(Recorded data)
========================

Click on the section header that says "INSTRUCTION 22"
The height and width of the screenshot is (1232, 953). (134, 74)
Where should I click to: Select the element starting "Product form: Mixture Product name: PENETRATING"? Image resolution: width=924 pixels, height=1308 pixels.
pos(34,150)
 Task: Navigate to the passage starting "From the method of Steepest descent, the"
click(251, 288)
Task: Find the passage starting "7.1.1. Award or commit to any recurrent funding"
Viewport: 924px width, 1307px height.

========================

WHAT YOU ARE ASKED TO DO: Repeat only the stretch of lines that begins at the line containing "Task: Find the" and ends at the last line above, both included.

OUTPUT BELOW:
Task: Find the passage starting "7.1.1. Award or commit to any recurrent funding"
Viewport: 924px width, 1307px height.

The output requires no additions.